See, both RSP and BES are graduating. As are a bunch of other smarties who are my loves. What shall I do next year? And the year after? FAS, well, ze may be the center of the Next Generation. I had ze last semester, and ze was a standout among those students (in a general education class). And then ze took me again for an upper-level English course. As FAS said, "I took you again because I know you're good." Let's just note that FAS's paper was better than RSP's (for the same class). No, ze didn't read a ton of Foucault on hir own, ze did read a ton of Gilbert and Gubar on hir own, and hir paper was SUPERB. I enjoyed reading every single word of it. Ze is AMAZING. AMAZING. (And I may have seduced ze into my feminist theory class next spring, even though ze is "not a feminist or anything.")

The Ones That Don't Stand Out As Above But Nonetheless Stand Out

I have read, over the past few days, papers that talk about religious belief in ways that aren't reductive, that interrogate history without resorting to a discussion of what "really" happened, that investigate multiculturalism and postcoloniality without reducing those things to unproblematixc difference. I have ridiculously good students. Students who are original in their research, and students who support their original ideas with solid research. And this is the majority of my students - not the minority.

So that's why grading is good. It lets you know all of the above. And no, that's not the case for every student, but how great that it's the case for so many of them.

4 comments:

Virginia S. Wood, Psy.D., Instructor said...

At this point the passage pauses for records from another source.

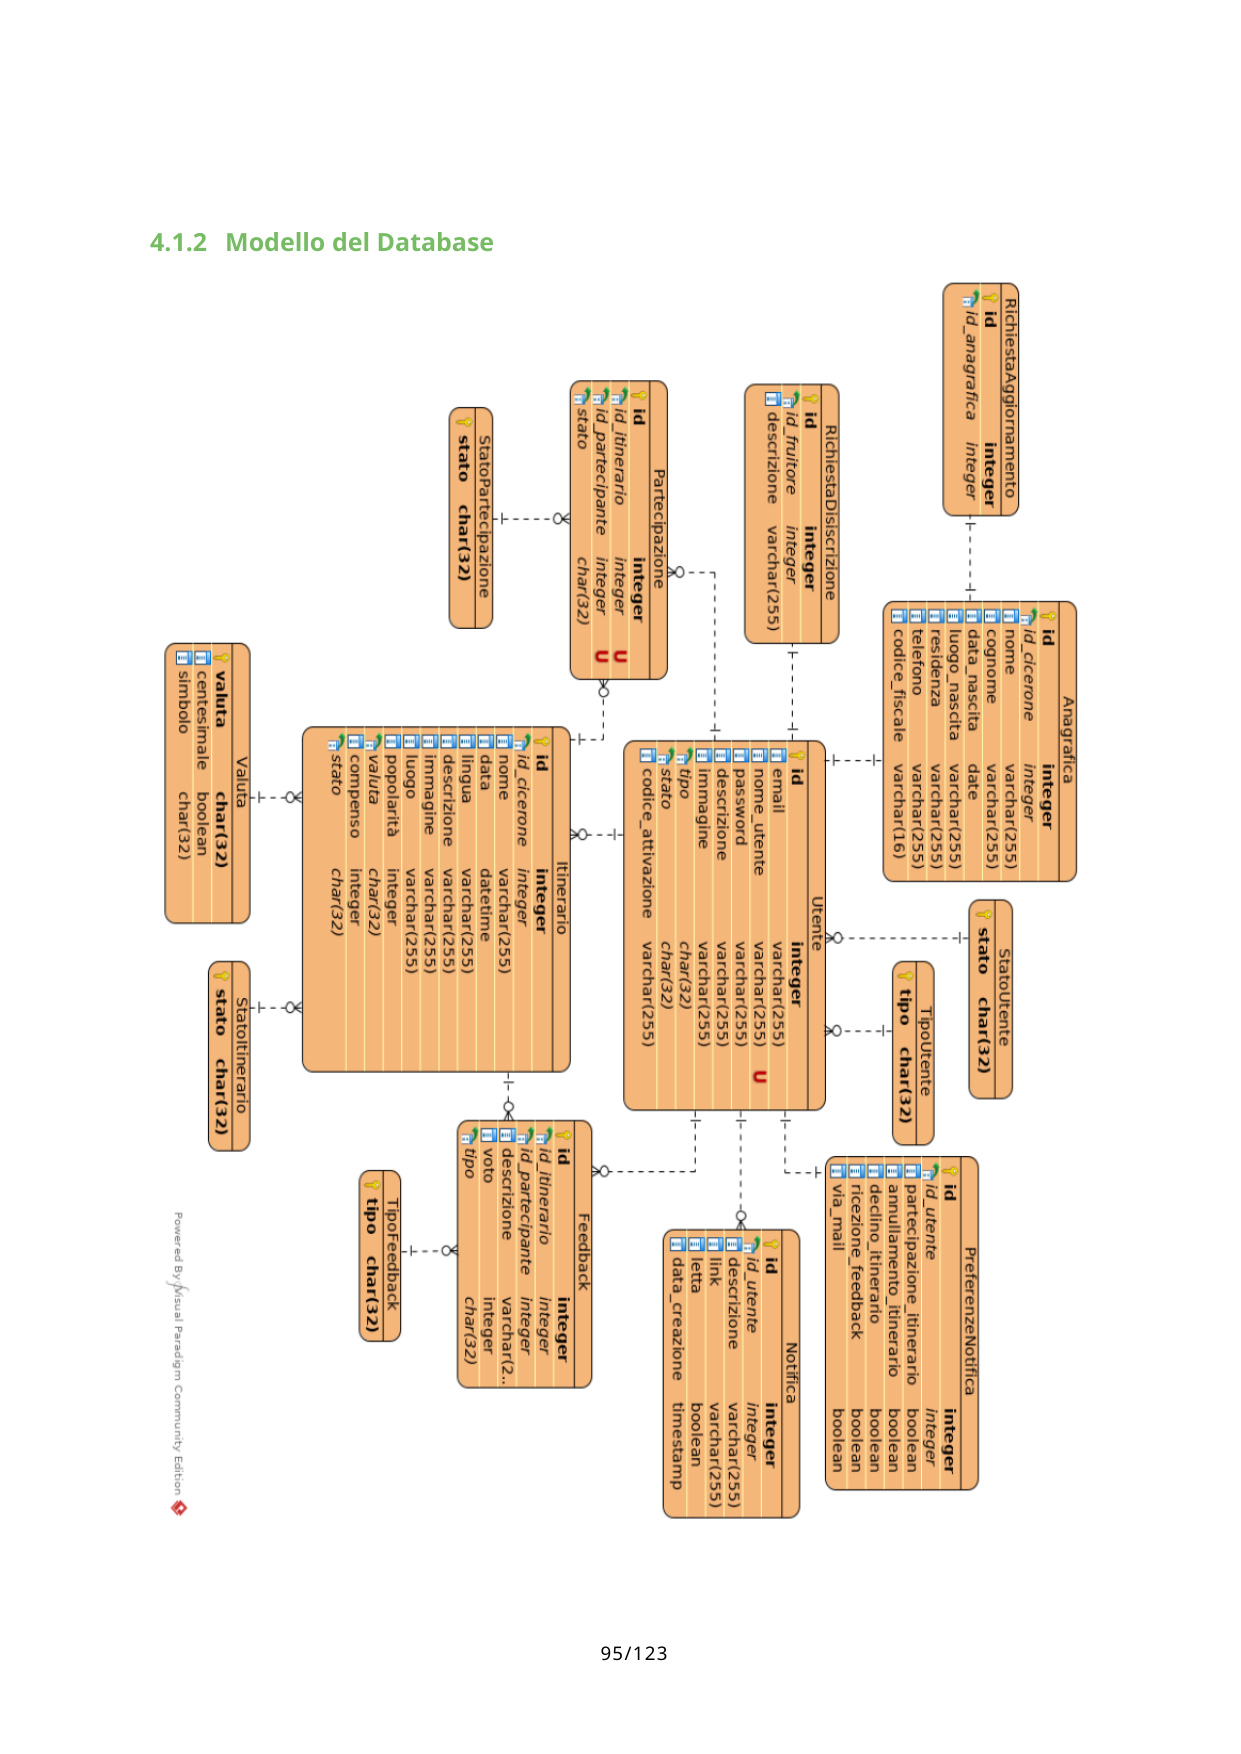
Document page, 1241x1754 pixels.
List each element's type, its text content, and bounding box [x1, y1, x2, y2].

picture [163, 282, 1078, 1521]
subtitle Modello del Database [150, 225, 1090, 259]
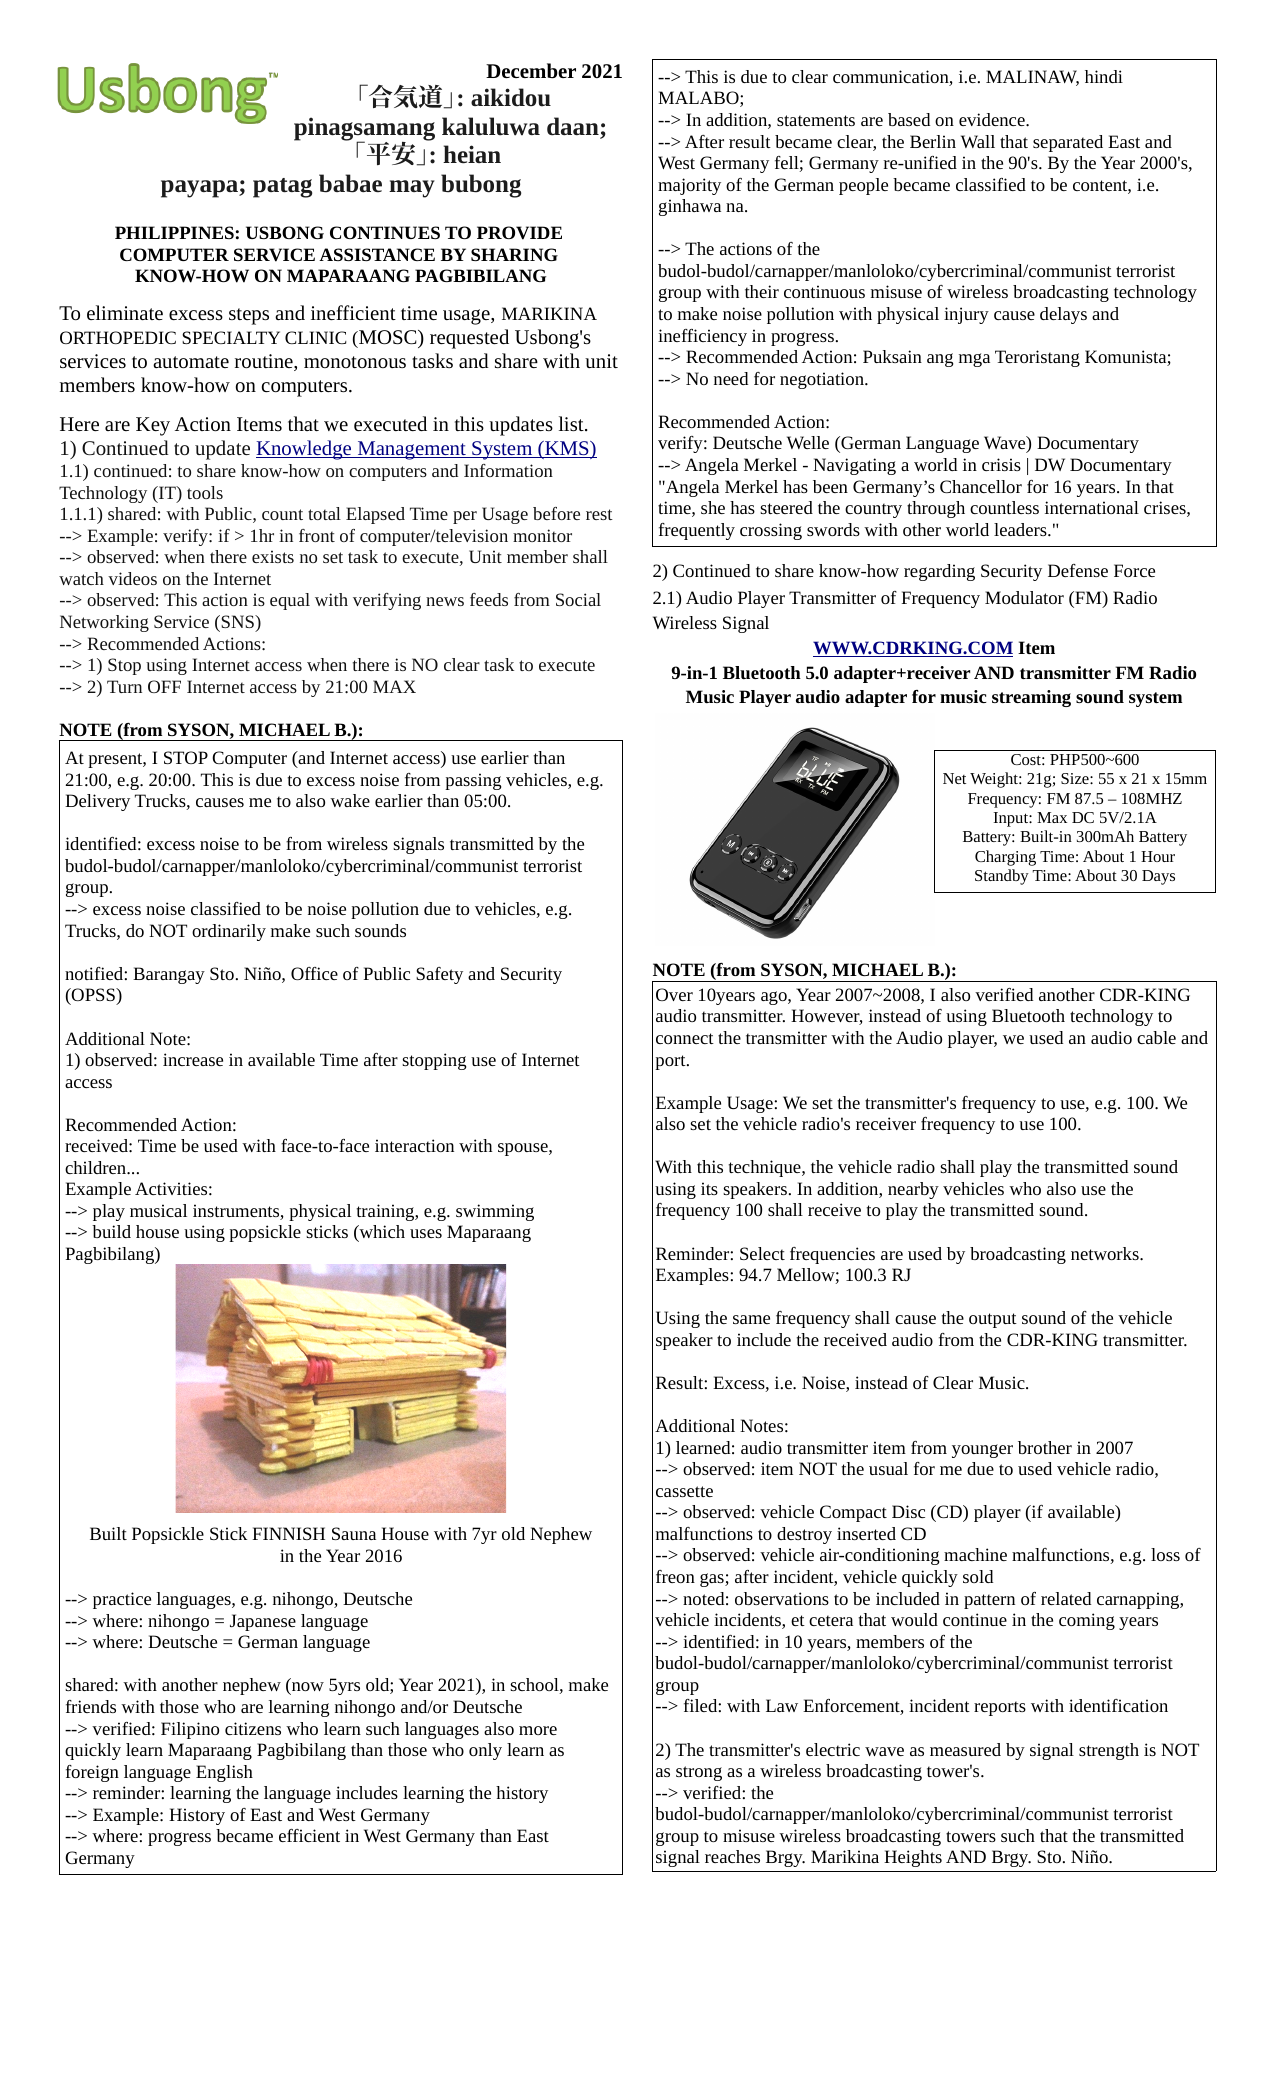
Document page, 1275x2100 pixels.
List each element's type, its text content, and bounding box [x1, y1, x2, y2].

text 9-in-1 Bluetooth 5.0 adapter+receiver AND transmitter FM Radio Music Player audio adapter for music streaming sound system [652, 662, 1216, 708]
text payapa; patag babae may bubong [59, 169, 623, 198]
text COMPUTER SERVICE ASSISTANCE BY SHARING [59, 244, 623, 265]
text NOTE (from SYSON, MICHAEL B.): [59, 719, 623, 740]
subtitle [175, 1389, 507, 1406]
subtitle [175, 1300, 507, 1317]
picture [57, 63, 278, 124]
subtitle [175, 1318, 507, 1335]
text --> 2) Turn OFF Internet access by 21:00 MAX [59, 676, 623, 697]
subtitle [175, 1496, 507, 1512]
text Here are Key Action Items that we executed in this updates list. [59, 412, 623, 436]
text NOTE (from SYSON, MICHAEL B.): [652, 959, 1216, 981]
picture [654, 713, 935, 946]
text ｢平安｣: heian [59, 141, 623, 169]
text --> observed: when there exists no set task to execute, Unit member shall watch videos on the Internet [59, 546, 623, 589]
text 1.1.1) shared: with Public, count total Elapsed Time per Usage before rest [59, 503, 623, 525]
subtitle [175, 1336, 507, 1352]
text 1) Continued to update Knowledge Management System (KMS) [59, 436, 623, 460]
subtitle [175, 1282, 507, 1299]
text --> observed: This action is equal with verifying news feeds from Social Networking Service (SNS) [59, 589, 623, 632]
text --> Example: verify: if > 1hr in front of computer/television monitor [59, 525, 623, 546]
text To eliminate excess steps and inefficient time usage, MARIKINA ORTHOPEDIC SPECIALTY CLINIC (MOSC) requested Usbong's services to automate routine, monotonous tasks and share with unit members know-how on computers. [59, 301, 623, 397]
subtitle [175, 1442, 507, 1459]
subtitle [175, 1460, 507, 1477]
text December 2021 [59, 59, 623, 83]
text ｢合気道｣: aikidou [278, 83, 623, 112]
text 1.1) continued: to share know-how on computers and Information Technology (IT) tools [59, 460, 623, 503]
text WWW.CDRKING.COM Item [652, 637, 1216, 658]
table_header Over 10years ago, Year 2007~2008, I also verified another CDR-KING audio transmitter. However, instead of using Bluetooth technology to connect the transmitter with the Audio player, we used an audio cable and port. Example Usage: We set the transmitter's frequency to use, e.g. 100. We also set the vehicle radio's receiver frequency to use 100. With this technique, the vehicle radio shall play the transmitted sound using its speakers. In addition, nearby vehicles who also use the frequency 100 shall receive to play the transmitted sound. Reminder: Select frequencies are used by broadcasting networks. Examples: 94.7 Mellow; 100.3 RJ Using the same frequency shall cause the output sound of the vehicle speaker to include the received audio from the CDR-KING transmitter. Result: Excess, i.e. Noise, instead of Clear Music. Additional Notes: 1) learned: audio transmitter item from younger brother in 2007 --> observed: item NOT the usual for me due to used vehicle radio, cassette --> observed: vehicle Compact Disc (CD) player (if available) malfunctions to destroy inserted CD --> observed: vehicle air-conditioning machine malfunctions, e.g. loss of freon gas; after incident, vehicle quickly sold --> noted: observations to be included in pattern of related carnapping, vehicle incidents, et cetera that would continue in the coming years --> identified: in 10 years, members of the budol-budol/carnapper/manloloko/cybercriminal/communist terrorist group --> filed: with Law Enforcement, incident reports with identification 2) The transmitter's electric wave as measured by signal strength is NOT as strong as a wireless broadcasting tower's. --> verified: the budol-budol/carnapper/manloloko/cybercriminal/communist terrorist group to misuse wireless broadcasting towers such that the transmitted signal reaches Brgy. Marikina Heights AND Brgy. Sto. Niño. [653, 982, 1216, 1871]
text 2.1) Audio Player Transmitter of Frequency Modulator (FM) Radio Wireless Signal [652, 587, 1216, 634]
text PHILIPPINES: USBONG CONTINU​ES TO PROVIDE [59, 222, 623, 244]
subtitle [175, 1264, 507, 1281]
subtitle [175, 1407, 507, 1424]
subtitle 2) Continued to share know-how regarding Security Defense Force [652, 559, 1216, 581]
subtitle [175, 1425, 507, 1441]
text --> 1) Stop using Internet access when there is NO clear task to execute [59, 654, 623, 676]
text --> Recommended Actions: [59, 632, 623, 654]
text KNOW-HOW ON MAPARAANG PAGBIBILANG [59, 265, 623, 287]
table_header At present, I STOP Computer (and Internet access) use earlier than 21:00, e.g. 20:00. This is due to excess noise from passing vehicles, e.g. Delivery Trucks, causes me to also wake earlier than 05:00. identified: excess noise to be from wireless signals transmitted by the budol-budol/carnapper/manloloko/cybercriminal/communist terrorist group. --> excess noise classified to be noise pollution due to vehicles, e.g. Trucks, do NOT ordinarily make such sounds notified: Barangay Sto. Niño, Office of Public Safety and Security (OPSS) Additional Note: 1) observed: increase in available Time after stopping use of Internet access Recommended Action: received: Time be used with face-to-face interaction with spouse, children... Example Activities: --> play musical instruments, physical training, e.g. swimming --> build house using popsickle sticks (which uses Maparaang Pagbibilang) Built Popsickle Stick FINNISH Sauna House with 7yr old Nephew in the Year 2016 --> practice languages, e.g. nihongo, Deutsche --> where: nihongo = Japanese language --> where: Deutsche = German language shared: with another nephew (now 5yrs old; Year 2021), in school, make friends with those who are learning nihongo and/or Deutsche --> verified: Filipino citizens who learn such languages also more quickly learn Maparaang Pagbibilang than those who only learn as foreign language English --> reminder: learning the language includes learning the history --> Example: History of East and West Germany --> where: progress became efficient in West Germany than East Germany [60, 741, 622, 1874]
table_header --> This is due to clear communication, i.e. MALINAW, hindi MALABO; --> In addition, statements are based on evidence. --> After result became clear, the Berlin Wall that separated East and West Germany fell; Germany re-unified in the 90's. By the Year 2000's, majority of the German people became classified to be content, i.e. ginhawa na. --> The actions of the budol-budol/carnapper/manloloko/cybercriminal/communist terrorist group with their continuous misuse of wireless broadcasting technology to make noise pollution with physical injury cause delays and inefficiency in progress. --> Recommended Action: Puksain ang mga Teroristang Komunista; --> No need for negotiation. Recommended Action: verify: Deutsche Welle (German Language Wave) Documentary --> Angela Merkel - Navigating a world in crisis | DW Documentary "Angela Merkel has been Germany’s Chancellor for 16 years. In that time, she has steered the country through countless international crises, frequently crossing swords with other world leaders." [653, 60, 1216, 546]
subtitle [175, 1353, 507, 1370]
text pinagsamang kaluluwa daan; [59, 112, 623, 141]
subtitle [175, 1371, 507, 1388]
subtitle [175, 1478, 507, 1495]

Lucky you. Most of my term papers this time around truly sucked.

James said...

I'm feeling positive about my students too, though I wish my teaching schedule was such that I could meet them earlier than their junior year. My best ever student is graduating this term, but he's off to the best graduate program in his major, and I'm having lunch with our program's most successful former student today.

Anonymous said...

Now I see why being a professor has always been so hard for me. I don't get liquored up with students. Thanks for the tip, crazy.

Dr. Crazy said...

I don't make it a practice to drink with students, but I don't think it's wrong to socialize with students and to be a human being around them. It just so happened that this involved wine with BES, but she's over age, she's graduating, and to have that time to talk not in the office setting was a good thing. I suppose it didn't occur to me that it was a bad idea precisely because I had similar experiences when I was a student (both undergrad and grad).